# Thread: help starting a triple integral/center of mass problem

1. ## help starting a triple integral/center of mass problem

i need help setting up the integral expressions to compute the centroid please!
the solid bounded by the paraboloids z=1+x^2+y^2 and z=5-x^2-y^2 with density proportional to the distance from the plane z=5
so i need to find the boundaries for x,y, and z, which i think i can do if i set x=0 then y=0?
my main problem is figuring out how to put the density into an equation. i think it has to do with the distance formula. f(x,y,z)= k* sqrt of 5? any hints would help a ton! thanks!
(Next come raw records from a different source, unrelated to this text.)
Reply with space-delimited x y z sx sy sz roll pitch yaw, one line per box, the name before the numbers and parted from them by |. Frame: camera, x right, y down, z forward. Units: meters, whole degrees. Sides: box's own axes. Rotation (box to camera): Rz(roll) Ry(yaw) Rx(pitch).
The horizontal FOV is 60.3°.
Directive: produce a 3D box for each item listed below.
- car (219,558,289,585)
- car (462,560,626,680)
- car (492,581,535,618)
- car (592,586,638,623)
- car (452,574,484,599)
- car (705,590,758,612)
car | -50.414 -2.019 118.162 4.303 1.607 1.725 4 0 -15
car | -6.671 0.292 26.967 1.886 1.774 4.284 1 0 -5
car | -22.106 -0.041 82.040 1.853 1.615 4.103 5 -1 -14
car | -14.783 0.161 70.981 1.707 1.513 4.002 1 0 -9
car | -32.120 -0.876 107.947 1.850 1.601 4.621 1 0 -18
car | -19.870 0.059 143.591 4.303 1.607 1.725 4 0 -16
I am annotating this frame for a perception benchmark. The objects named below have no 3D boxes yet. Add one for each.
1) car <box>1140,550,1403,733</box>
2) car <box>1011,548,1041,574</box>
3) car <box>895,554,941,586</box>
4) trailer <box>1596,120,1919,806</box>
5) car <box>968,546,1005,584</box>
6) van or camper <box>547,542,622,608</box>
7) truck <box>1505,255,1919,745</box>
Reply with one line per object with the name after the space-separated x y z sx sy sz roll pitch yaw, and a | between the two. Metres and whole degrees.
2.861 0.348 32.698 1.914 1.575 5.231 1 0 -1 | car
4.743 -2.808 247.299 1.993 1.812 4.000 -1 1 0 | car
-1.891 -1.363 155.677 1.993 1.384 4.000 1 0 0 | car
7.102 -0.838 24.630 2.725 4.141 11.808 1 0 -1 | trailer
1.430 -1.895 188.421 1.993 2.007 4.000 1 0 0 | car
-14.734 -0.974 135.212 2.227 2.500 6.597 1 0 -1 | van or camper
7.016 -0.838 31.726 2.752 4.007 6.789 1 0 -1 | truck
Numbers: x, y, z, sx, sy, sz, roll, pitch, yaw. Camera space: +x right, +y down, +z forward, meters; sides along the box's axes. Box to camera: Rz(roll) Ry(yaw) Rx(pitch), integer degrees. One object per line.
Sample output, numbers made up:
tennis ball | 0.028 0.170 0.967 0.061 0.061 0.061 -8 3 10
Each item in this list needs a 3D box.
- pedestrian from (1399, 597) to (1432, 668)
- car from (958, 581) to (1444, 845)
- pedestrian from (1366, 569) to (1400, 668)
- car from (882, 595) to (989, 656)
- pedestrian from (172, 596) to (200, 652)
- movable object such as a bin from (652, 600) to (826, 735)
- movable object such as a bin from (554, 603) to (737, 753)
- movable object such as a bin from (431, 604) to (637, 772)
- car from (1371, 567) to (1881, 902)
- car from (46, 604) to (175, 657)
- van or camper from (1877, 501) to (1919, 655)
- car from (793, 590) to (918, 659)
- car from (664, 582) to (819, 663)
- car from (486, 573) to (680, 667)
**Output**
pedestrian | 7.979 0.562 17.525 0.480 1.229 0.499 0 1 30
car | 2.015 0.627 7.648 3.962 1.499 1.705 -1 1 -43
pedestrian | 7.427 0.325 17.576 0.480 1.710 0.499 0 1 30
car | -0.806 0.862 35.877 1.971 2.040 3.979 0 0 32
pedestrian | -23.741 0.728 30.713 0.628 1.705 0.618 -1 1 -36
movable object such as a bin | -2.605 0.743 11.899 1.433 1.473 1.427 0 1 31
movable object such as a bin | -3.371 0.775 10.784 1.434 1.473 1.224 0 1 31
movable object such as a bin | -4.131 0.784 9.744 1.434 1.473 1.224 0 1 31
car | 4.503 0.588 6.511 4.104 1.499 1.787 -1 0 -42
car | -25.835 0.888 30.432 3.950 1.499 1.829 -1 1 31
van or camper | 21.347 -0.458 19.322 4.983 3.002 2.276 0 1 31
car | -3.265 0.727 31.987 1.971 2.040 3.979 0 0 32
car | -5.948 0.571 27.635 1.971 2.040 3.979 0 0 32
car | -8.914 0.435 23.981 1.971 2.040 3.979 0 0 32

2. I tried to do this problem last night but ended up getting swamped by calculations. One way to find the answer is to switch to cylindrical coordinates:

\displaystyle \begin{aligned} x&=r\cos\theta\\ y&=r\sin\theta\\ z&=z \end{aligned}

so that the equations for the paraboloids become

$\displaystyle z=1+r^2$
$\displaystyle z=5-r^2.$

Solving for the intersection of the two gives us

\displaystyle \begin{aligned} 1+r^2&=5-r^2\\ 2r^2&=4\\ r^2&=2\\ r&=\sqrt{2} \end{aligned}

for the radius of a circle in the $\displaystyle xy$-plane that bounds the solid. Our center of mass for the $\displaystyle z$-coordinate becomes

$\displaystyle z_M=\frac{1}{V}\int_0^{2\pi}\int_0^{\sqrt{2}}\int_ {1+r^2}^{5-r^2} z\cdot k(5-z)\cdot r\,dz\,dr\,d\theta,$

where $\displaystyle V$ is the volume of the solid.

Hint: The $\displaystyle x$- and $\displaystyle y$-coordinates of the center of mass must be zero. Why is this?